Elements of quantum information theory: from entanglement to open quantum systems dynamics, via the quantum measurement process.
Theory of open quantum systems, i.e. interacting with the external environment: from quantum maps to the analysis of entropy and information, from error correction to optimal control theory, towards the new millennium quantum technologies.
- M.A. Nielsen and I.A. Chuang, "Quantum computation and quantum information", Cambridge University Press (2003).
- M.W. Wilde, "Quantum Information Theory", Cambridge University Press (2013).
- H.-P. Breuer and F. Petruccione, "The theory of open quantum systems", Oxford University Press (2002).

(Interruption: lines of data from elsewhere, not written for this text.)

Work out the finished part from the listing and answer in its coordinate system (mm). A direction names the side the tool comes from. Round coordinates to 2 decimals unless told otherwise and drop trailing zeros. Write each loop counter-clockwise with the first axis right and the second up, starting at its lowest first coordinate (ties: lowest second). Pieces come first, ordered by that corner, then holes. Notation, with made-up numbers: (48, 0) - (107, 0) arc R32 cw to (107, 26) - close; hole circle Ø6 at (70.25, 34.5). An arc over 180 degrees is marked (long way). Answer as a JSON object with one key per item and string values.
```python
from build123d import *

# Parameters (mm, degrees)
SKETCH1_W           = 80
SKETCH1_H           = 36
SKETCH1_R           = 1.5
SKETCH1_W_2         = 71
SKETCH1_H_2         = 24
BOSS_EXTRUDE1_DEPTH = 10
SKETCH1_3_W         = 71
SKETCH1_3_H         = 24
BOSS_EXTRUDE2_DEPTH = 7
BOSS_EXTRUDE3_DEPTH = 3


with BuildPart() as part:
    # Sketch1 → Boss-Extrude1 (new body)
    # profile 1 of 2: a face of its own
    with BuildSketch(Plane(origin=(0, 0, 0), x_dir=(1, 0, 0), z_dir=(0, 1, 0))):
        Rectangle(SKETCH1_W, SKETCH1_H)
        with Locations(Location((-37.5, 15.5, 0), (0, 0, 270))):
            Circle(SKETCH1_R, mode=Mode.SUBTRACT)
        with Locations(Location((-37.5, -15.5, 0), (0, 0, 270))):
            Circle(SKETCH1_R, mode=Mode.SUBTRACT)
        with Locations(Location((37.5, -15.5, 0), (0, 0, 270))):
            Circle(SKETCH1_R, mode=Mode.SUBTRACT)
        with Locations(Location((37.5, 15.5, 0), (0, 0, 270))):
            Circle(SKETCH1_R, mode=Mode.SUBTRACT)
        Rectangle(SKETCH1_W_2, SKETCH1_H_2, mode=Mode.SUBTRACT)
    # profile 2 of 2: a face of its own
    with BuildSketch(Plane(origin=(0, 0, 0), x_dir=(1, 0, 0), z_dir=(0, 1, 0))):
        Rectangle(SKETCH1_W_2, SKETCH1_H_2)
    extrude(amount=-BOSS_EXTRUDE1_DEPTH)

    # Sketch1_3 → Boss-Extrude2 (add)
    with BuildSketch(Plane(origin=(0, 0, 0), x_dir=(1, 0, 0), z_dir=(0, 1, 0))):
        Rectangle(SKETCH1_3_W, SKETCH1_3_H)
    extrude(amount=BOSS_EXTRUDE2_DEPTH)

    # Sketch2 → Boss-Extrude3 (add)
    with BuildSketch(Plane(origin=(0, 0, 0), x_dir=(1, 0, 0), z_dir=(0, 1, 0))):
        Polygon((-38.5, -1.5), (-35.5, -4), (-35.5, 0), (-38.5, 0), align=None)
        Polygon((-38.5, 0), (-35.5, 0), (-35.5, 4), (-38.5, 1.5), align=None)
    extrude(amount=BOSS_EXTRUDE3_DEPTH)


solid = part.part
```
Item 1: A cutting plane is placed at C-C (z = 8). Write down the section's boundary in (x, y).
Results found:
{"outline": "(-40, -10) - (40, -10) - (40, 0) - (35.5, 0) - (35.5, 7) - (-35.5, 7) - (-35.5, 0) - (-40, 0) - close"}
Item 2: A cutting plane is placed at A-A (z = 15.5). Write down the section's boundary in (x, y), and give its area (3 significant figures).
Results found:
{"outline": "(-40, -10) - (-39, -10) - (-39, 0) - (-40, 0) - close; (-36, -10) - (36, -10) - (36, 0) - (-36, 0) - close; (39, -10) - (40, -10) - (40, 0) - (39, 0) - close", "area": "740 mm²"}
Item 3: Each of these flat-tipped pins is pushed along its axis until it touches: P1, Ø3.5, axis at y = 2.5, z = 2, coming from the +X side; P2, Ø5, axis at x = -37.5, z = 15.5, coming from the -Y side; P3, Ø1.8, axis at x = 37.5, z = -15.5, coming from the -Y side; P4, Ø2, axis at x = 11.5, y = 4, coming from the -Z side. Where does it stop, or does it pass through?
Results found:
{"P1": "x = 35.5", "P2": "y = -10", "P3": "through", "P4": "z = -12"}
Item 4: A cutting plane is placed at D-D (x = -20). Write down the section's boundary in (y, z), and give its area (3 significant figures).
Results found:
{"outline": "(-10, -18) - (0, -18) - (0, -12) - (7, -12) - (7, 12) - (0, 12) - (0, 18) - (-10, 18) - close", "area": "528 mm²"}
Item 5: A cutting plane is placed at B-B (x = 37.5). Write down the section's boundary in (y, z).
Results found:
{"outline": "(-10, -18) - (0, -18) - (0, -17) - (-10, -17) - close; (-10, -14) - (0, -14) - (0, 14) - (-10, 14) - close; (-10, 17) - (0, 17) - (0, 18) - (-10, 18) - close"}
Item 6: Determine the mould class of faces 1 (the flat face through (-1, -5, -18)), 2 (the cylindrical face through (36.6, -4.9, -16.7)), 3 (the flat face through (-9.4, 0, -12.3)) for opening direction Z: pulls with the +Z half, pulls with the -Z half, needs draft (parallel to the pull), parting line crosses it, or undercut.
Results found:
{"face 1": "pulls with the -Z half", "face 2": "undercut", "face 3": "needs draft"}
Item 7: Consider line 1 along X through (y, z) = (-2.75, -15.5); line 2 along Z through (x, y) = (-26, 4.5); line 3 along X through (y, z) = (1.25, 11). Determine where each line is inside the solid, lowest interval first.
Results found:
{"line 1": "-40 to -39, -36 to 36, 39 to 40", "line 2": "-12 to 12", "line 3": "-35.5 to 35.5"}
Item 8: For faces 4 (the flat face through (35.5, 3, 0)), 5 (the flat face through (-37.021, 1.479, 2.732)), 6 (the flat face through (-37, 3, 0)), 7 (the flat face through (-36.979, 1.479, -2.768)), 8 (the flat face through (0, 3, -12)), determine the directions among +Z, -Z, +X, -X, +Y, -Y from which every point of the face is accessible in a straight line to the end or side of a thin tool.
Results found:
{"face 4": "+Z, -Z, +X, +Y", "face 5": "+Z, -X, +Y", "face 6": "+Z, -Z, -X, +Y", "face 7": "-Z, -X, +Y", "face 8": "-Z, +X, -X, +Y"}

- I. Bengtsson and K. Zyczkowski, "Geometry of quantum states", Cambridge University Press (2006).
- P. Kaye, R. Laflamme, M. Mosca, "An introduction to Quantum Computing", Oxford University Press (2007).

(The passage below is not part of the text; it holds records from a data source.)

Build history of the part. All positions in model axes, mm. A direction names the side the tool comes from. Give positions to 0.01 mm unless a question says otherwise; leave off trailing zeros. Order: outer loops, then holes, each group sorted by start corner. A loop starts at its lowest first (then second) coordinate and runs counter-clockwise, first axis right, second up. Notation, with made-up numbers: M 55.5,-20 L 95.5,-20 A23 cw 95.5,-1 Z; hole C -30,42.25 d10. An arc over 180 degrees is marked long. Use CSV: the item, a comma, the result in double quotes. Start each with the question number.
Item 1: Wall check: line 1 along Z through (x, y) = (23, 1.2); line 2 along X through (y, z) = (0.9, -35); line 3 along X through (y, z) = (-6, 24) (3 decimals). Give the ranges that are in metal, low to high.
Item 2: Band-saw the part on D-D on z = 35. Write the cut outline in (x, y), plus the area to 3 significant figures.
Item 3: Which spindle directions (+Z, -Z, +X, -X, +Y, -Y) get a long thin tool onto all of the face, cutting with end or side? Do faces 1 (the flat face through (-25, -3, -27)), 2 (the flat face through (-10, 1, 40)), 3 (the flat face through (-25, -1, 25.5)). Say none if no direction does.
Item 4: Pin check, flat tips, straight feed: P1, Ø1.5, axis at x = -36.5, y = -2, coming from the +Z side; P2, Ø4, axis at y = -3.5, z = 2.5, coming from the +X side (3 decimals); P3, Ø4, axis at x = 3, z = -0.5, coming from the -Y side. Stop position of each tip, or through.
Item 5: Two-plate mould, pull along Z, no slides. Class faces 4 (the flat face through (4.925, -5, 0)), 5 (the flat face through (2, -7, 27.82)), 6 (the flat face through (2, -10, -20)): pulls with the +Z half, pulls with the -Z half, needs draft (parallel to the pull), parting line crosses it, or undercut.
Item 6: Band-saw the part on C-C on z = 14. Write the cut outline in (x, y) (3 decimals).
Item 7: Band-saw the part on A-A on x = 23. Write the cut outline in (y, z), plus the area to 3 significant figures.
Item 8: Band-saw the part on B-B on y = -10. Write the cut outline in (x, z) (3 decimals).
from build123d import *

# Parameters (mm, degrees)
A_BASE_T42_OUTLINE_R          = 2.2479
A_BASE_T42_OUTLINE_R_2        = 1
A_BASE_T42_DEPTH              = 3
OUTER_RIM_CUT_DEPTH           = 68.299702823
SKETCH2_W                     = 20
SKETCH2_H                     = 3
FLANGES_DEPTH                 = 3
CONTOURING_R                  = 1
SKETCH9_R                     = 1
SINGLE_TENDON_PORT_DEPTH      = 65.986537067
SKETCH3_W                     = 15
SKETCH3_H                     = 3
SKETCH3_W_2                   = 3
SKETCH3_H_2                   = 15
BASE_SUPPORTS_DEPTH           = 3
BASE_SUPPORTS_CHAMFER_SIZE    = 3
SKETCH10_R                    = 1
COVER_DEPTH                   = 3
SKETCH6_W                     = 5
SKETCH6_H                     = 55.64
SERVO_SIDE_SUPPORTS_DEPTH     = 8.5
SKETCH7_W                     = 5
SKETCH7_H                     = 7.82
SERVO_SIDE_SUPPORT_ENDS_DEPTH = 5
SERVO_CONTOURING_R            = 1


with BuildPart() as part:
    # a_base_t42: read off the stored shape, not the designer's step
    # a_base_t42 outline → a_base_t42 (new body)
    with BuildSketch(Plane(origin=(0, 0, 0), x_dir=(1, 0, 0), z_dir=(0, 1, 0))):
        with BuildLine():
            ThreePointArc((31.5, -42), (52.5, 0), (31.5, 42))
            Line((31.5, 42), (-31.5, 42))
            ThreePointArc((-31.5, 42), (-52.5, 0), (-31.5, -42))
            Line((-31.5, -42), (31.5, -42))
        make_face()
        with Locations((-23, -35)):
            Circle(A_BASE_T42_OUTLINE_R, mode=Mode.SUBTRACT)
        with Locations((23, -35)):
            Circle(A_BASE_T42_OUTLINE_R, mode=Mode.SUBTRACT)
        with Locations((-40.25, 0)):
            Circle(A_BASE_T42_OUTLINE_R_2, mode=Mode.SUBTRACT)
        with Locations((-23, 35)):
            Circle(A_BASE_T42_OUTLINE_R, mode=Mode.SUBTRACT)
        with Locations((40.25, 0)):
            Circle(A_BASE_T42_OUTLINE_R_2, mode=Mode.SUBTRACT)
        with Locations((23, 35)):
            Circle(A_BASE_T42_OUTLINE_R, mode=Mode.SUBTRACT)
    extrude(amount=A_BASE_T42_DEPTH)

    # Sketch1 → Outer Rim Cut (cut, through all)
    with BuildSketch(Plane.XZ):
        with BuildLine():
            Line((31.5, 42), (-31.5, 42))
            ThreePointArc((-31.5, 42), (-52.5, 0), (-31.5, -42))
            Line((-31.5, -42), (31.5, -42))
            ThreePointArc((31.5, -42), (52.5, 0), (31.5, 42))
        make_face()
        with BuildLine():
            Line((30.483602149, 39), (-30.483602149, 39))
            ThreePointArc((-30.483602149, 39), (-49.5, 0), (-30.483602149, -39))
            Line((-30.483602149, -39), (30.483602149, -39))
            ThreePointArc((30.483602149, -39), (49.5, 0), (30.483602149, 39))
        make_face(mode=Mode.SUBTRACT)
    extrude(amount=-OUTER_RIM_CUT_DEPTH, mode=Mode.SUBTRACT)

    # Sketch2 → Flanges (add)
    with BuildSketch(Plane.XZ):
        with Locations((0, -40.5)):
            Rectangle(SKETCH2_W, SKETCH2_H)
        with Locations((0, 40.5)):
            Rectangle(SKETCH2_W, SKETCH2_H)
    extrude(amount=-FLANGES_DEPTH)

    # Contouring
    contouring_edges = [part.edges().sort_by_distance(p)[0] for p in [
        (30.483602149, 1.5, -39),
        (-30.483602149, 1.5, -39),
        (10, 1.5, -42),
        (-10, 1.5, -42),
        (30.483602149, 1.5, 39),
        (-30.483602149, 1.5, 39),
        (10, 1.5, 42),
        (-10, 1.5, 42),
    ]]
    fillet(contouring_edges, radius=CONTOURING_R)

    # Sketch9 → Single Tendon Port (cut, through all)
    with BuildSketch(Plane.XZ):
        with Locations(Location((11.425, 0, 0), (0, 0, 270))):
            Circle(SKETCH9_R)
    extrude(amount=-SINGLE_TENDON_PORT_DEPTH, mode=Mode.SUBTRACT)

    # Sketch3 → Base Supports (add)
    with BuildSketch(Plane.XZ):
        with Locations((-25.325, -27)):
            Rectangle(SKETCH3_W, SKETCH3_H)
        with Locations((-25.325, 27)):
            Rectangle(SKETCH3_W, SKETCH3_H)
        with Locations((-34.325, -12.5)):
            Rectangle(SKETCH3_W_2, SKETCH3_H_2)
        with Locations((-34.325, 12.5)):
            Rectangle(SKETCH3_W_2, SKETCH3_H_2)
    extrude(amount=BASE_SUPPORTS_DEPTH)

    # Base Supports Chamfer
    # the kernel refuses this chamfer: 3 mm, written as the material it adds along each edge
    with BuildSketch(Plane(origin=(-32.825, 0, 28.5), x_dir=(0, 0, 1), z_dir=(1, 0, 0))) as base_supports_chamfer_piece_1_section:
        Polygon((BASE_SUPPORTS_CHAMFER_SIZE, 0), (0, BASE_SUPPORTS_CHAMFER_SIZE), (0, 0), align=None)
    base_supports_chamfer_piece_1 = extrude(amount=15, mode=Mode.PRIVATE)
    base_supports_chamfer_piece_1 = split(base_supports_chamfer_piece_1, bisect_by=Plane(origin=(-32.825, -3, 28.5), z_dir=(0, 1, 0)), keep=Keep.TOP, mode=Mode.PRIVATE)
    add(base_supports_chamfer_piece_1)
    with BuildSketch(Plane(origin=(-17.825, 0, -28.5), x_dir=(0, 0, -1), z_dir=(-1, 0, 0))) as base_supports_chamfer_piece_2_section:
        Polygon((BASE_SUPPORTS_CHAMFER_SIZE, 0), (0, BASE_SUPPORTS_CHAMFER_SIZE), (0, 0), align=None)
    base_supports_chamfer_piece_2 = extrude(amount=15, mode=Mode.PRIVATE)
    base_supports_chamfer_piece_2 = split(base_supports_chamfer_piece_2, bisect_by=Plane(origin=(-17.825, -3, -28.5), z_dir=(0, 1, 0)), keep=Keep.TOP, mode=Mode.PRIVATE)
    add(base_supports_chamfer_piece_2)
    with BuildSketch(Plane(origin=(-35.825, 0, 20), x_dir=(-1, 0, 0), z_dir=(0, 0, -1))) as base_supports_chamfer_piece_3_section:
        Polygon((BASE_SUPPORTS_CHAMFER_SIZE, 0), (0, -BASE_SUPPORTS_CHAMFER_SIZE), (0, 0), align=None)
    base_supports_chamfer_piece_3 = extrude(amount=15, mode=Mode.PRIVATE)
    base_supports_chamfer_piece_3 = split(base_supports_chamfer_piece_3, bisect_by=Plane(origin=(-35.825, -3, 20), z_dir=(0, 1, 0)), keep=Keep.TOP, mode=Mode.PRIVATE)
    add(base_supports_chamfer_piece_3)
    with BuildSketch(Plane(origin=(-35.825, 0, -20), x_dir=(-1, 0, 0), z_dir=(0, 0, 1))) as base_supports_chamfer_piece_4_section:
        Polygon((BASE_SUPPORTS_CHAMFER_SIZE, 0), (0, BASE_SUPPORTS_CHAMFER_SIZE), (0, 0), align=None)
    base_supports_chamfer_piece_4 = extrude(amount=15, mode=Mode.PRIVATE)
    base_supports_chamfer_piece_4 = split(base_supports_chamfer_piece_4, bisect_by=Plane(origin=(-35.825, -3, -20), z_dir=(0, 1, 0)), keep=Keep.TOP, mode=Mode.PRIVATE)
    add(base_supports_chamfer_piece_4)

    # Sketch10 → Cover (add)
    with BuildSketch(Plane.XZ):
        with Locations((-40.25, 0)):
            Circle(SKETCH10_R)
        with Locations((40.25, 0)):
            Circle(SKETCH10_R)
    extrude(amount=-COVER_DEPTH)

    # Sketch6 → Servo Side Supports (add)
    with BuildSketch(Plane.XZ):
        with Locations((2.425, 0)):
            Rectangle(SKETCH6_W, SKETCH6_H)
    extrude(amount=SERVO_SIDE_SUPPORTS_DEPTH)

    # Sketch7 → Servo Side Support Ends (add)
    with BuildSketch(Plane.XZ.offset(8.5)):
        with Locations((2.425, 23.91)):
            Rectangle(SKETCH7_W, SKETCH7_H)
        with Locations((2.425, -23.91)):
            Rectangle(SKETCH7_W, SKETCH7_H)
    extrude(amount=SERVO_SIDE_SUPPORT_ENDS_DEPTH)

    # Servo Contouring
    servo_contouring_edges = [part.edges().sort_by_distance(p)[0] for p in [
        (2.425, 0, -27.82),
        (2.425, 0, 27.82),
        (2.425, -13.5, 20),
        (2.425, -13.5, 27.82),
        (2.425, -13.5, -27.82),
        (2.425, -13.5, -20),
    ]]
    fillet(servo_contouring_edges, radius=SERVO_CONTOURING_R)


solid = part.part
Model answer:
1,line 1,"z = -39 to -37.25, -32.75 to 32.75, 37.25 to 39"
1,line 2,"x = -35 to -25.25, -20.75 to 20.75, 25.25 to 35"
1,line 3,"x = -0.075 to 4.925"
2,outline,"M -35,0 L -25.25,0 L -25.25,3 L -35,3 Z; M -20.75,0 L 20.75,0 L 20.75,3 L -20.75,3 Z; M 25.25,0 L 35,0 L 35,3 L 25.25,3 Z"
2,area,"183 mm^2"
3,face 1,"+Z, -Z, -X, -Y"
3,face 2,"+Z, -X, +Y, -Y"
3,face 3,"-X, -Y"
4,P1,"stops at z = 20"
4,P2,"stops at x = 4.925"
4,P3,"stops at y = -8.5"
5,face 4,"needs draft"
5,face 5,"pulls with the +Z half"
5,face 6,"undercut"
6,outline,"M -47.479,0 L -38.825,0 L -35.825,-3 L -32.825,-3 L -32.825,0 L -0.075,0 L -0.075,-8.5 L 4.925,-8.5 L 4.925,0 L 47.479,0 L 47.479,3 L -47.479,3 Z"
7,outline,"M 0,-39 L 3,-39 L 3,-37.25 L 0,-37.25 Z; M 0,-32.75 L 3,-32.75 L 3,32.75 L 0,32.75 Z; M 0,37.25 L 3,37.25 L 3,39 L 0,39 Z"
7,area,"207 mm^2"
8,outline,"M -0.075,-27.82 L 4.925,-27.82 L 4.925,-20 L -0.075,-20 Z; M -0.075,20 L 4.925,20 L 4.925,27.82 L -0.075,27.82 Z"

- T. Heinosaari and M. Ziman, "The Mathematical Language of Quantum Theory: From Uncertainty to Entanglement", Cambridge University Press (2011).
Learning Objectives
Aim of this course is to help the students acquiring
- knowledge of the formal and conceptual tools of quantum information theory, with attention focused upon those needed in the analysis of recent advances in quantum communication, quantum computation, and quantum technologies in general;
- understanding the difference between classical and quantum information theory, particularly as far as the different measurement process is concerned;
- skills for effectively exploit the relation between quantum information theory and open quantum systems dynamics in the framework of quantum technoloties.
Prerequisites
Quantum Mechanics and related mathematical tools, with special relevance of those pertaining advanced linear algebra.
Teaching Methods
Lectures at the blackboard, with examples and exercises. Some lectures will be complemented with images and video projections.
The exam consists of a colloquium at the blackboard of about 3/4 of an hour. Three options are available to the student: 1) traditional oral exam on the course programme, 2) seminar on a scientific publication previously discussed with the professor, 3) lesson on a topic being randomly chosen from the list below.

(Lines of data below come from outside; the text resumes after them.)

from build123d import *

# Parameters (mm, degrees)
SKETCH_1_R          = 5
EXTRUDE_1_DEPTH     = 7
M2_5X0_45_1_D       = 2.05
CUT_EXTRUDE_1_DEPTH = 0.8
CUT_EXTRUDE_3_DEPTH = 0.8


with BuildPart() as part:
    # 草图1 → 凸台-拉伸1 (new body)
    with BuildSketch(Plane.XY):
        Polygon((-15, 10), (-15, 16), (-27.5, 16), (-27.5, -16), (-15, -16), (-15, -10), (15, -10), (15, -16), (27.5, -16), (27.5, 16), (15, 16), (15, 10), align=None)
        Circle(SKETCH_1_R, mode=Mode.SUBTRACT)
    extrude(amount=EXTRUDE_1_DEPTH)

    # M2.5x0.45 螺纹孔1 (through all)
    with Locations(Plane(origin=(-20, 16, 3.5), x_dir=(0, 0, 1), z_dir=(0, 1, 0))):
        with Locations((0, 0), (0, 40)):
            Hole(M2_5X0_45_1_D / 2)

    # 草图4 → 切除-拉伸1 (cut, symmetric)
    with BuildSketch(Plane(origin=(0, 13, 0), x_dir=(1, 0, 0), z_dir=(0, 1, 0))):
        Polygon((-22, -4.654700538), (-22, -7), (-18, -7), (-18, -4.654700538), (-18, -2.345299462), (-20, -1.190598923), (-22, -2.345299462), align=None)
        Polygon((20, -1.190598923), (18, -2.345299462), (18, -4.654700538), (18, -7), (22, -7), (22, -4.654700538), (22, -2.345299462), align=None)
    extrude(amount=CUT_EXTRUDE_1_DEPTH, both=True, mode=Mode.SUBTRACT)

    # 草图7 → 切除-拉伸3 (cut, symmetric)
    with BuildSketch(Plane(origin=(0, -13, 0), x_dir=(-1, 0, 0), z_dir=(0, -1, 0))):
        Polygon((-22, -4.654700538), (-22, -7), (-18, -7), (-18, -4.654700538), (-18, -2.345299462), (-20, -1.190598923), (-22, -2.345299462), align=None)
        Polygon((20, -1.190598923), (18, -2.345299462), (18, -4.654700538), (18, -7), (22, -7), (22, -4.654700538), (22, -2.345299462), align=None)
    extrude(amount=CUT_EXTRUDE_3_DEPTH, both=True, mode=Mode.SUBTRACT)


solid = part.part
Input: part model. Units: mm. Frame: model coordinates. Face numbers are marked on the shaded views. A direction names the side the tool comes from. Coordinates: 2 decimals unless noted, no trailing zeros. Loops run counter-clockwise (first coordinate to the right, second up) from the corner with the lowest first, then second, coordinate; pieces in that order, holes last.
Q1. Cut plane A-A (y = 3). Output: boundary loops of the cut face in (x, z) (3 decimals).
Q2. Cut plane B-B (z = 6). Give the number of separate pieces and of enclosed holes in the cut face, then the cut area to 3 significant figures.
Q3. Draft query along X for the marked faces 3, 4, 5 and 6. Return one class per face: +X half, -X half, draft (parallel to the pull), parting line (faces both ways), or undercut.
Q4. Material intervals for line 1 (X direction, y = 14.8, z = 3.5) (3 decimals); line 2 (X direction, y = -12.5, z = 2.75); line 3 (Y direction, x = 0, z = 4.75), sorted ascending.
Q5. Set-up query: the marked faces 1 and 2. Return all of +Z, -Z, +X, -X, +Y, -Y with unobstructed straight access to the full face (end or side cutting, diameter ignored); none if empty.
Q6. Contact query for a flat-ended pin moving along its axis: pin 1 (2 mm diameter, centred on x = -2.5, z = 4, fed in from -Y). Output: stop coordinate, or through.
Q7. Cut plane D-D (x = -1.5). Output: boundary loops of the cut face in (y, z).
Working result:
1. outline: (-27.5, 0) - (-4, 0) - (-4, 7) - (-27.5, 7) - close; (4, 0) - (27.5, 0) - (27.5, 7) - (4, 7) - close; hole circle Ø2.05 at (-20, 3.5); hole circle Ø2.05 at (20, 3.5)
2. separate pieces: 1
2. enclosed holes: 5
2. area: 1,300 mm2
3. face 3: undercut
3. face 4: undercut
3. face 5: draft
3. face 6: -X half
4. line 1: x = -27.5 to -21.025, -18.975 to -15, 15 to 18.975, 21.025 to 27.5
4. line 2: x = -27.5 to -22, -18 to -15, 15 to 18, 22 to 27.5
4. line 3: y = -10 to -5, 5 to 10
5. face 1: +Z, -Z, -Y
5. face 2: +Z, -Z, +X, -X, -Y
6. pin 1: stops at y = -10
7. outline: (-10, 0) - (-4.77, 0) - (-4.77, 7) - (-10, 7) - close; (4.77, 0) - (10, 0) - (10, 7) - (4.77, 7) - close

01 - First and second postulate of QM, Bloch sphere and single-qubit logical gates.
02 - Measurement postulate: POVM e PVM
03 - Fourth postulate: "statistical" density operator and reduced density operator
04 - Measurement-like dynamics, decoherence and Ozawa model
05 - Entanglement, von Neumann entropy, fidelity...
06 - Bell ineguality
07 - Introduction to classical information theory
08 - First Shannon theorem (noise-less coding theorem)
09 - State tomography, concurrence and QPT
10 - Dynamics of open quantum systems: universal dynamical maps
11 - Dynamics of open quantum systems: GKS-Lindblad equation
12 - Second Shannon theorem (noisy channel coding theorem)
13 - Representations of quantum channels
14 - Examples and properties of quantum channels
15 - One-qubit quantum channels
16 - Distance measures between quantum states
17 - Quantum noiseless coding theorem (Schumacher & Jozsa)
18 - Quantum noisy-channel coding theorem (Holevo, Schumacher & Westmoreland)
19 - Theorem for the quantum channel capacity (Lloyd, Shor, Devetak)
20 - Superdense coding and quantum teleportation
21 - Quantum Cryptography
22 - Quantum Algorithms, Quantum Fourier Transform, and applications
Course program
Axioms of Quantum Mechanics and elements of quantum computation: states and qubits, Majorana-Bloch sphere, evolution and logical gates, states of composite systems and entanglement, Bell states. Quantum measurement process according to the minimal interpretation (projective measurement and POVM). The Bell inequality.
Tools for information theory:
Information content and entropy, Shannon theorem. Von Neumann entropy and entanglement of formation. Entanglement measures and estimators. Distance between quantum states. Fisher information and elements of quantum estimation theory.
Open quantum systems dynamics:
Decoherence and dissipation. Dynamical maps, quantum channels and Kraus operators. Markovianity and Gorini-Kossakowski-Sudarshan-Lindblad equation. Quantum state and process tomography. Quantum Error correction. Physical implementations: from quantum biology to the controlled manipulation of atomic, molecular and photonic systems.